## Your assignment:
For this exercise, write out each entry below exactly, omitting the images.

## Provided entries:
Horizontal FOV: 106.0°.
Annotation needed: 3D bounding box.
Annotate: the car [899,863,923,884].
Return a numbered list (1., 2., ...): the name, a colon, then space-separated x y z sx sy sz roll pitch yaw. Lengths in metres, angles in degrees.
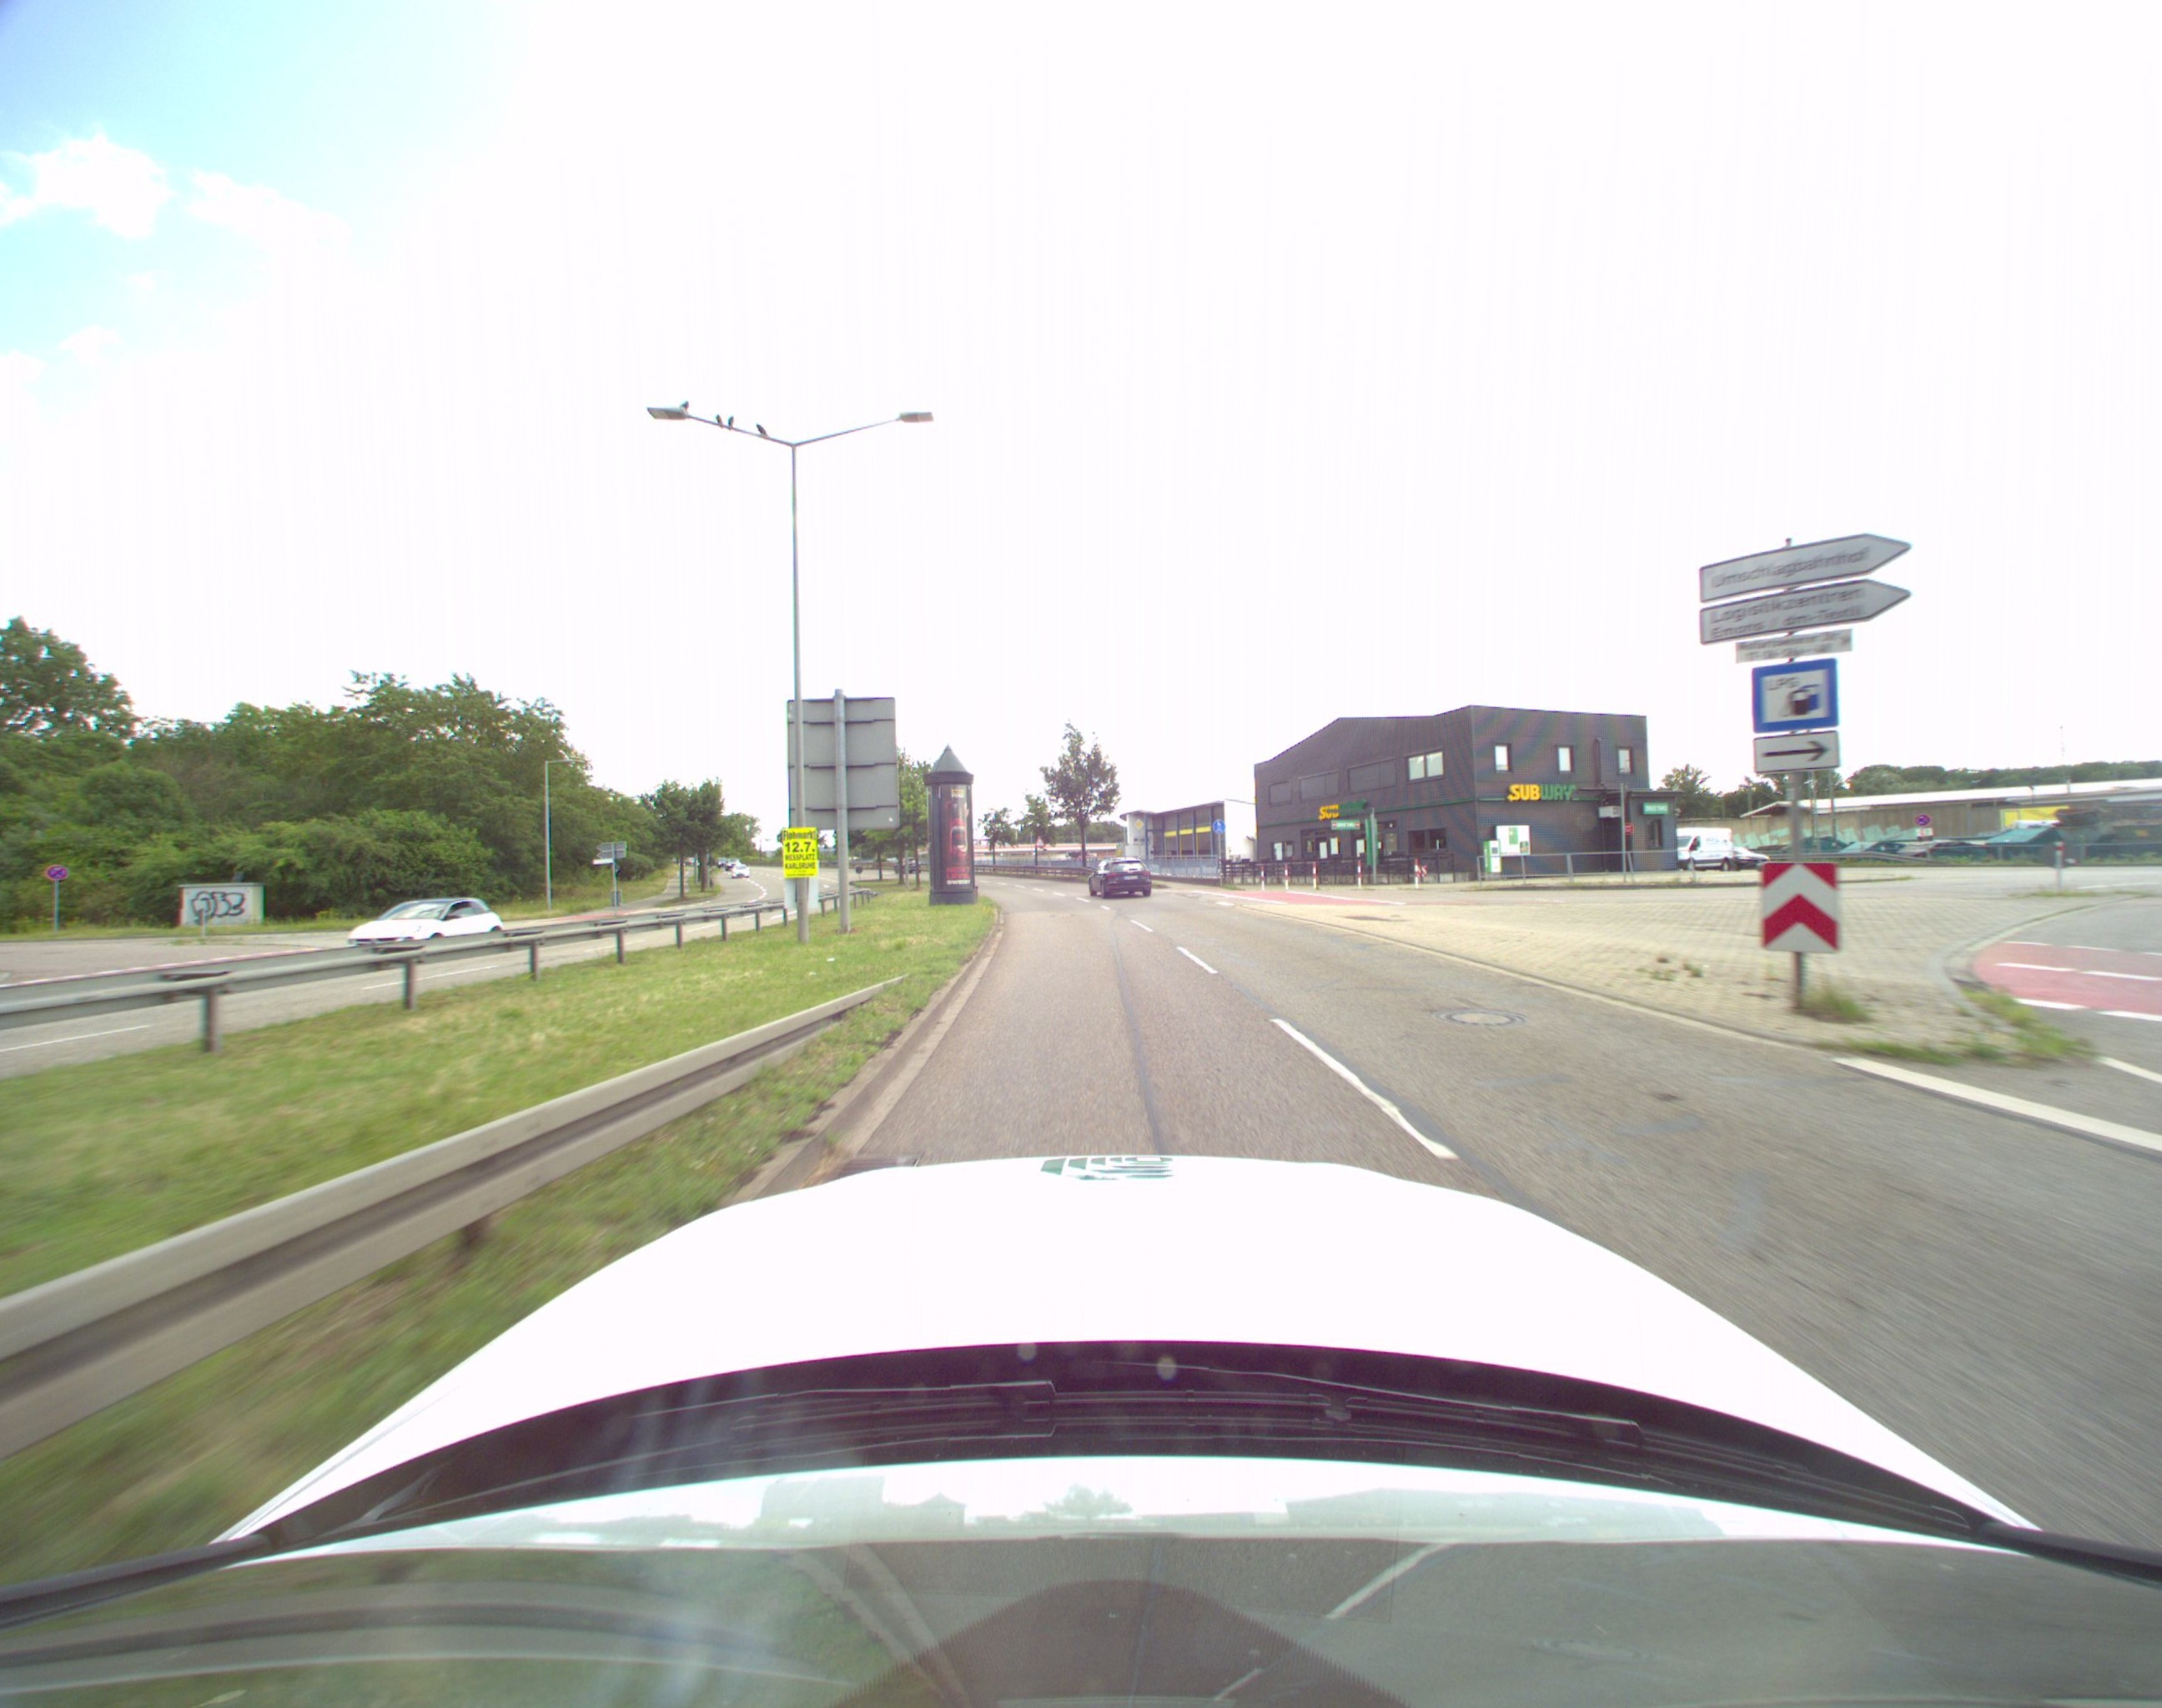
1. car: -18.040 2.095 86.391 1.999 2.037 4.684 -2 -2 -17

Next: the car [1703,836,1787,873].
1. car: 38.865 0.055 47.763 1.742 2.014 3.882 -2 -1 1

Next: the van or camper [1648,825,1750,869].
1. van or camper: 33.519 -0.321 44.132 6.266 2.173 2.105 0 -2 -30

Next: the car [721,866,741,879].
1. car: -51.279 2.705 119.317 2.007 1.861 4.667 -2 -1 -32

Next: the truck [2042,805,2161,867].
1. truck: 47.986 -0.805 37.705 4.309 2.714 2.118 -1 -2 1

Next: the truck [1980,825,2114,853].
1. truck: 47.333 -0.721 39.953 4.310 1.220 1.880 -1 -2 0

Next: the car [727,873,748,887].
1. car: -39.620 3.003 94.016 2.001 1.532 4.301 -4 -1 -20

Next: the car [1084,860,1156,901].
1. car: 1.391 0.962 30.854 1.991 1.390 4.564 -1 -1 -7

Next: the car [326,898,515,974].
1. car: -16.726 2.011 20.906 1.749 1.511 3.993 -2 -1 -4

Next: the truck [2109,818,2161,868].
1. truck: 47.805 -0.490 35.179 4.311 2.084 1.977 -1 -2 -1

## Solved problem:
Horizontal FOV: 106.0°.
Annotation needed: 3D bounding box.
Annotate: the car [899,863,923,884].
Return a numbered list (1., 2., ...): the name, a colon, then space-separated x y z sx sy sz roll pitch yaw. Lengths in metres, angles in degrees.
1. car: -18.040 2.095 86.391 1.999 2.037 4.684 -2 -2 -17

Next: the car [1703,836,1787,873].
1. car: 38.865 0.055 47.763 1.742 2.014 3.882 -2 -1 1

Next: the van or camper [1648,825,1750,869].
1. van or camper: 33.519 -0.321 44.132 6.266 2.173 2.105 0 -2 -30

Next: the car [721,866,741,879].
1. car: -51.279 2.705 119.317 2.007 1.861 4.667 -2 -1 -32

Next: the truck [2042,805,2161,867].
1. truck: 47.986 -0.805 37.705 4.309 2.714 2.118 -1 -2 1

Next: the truck [1980,825,2114,853].
1. truck: 47.333 -0.721 39.953 4.310 1.220 1.880 -1 -2 0

Next: the car [727,873,748,887].
1. car: -39.620 3.003 94.016 2.001 1.532 4.301 -4 -1 -20

Next: the car [1084,860,1156,901].
1. car: 1.391 0.962 30.854 1.991 1.390 4.564 -1 -1 -7

Next: the car [326,898,515,974].
1. car: -16.726 2.011 20.906 1.749 1.511 3.993 -2 -1 -4

Next: the truck [2109,818,2161,868].
1. truck: 47.805 -0.490 35.179 4.311 2.084 1.977 -1 -2 -1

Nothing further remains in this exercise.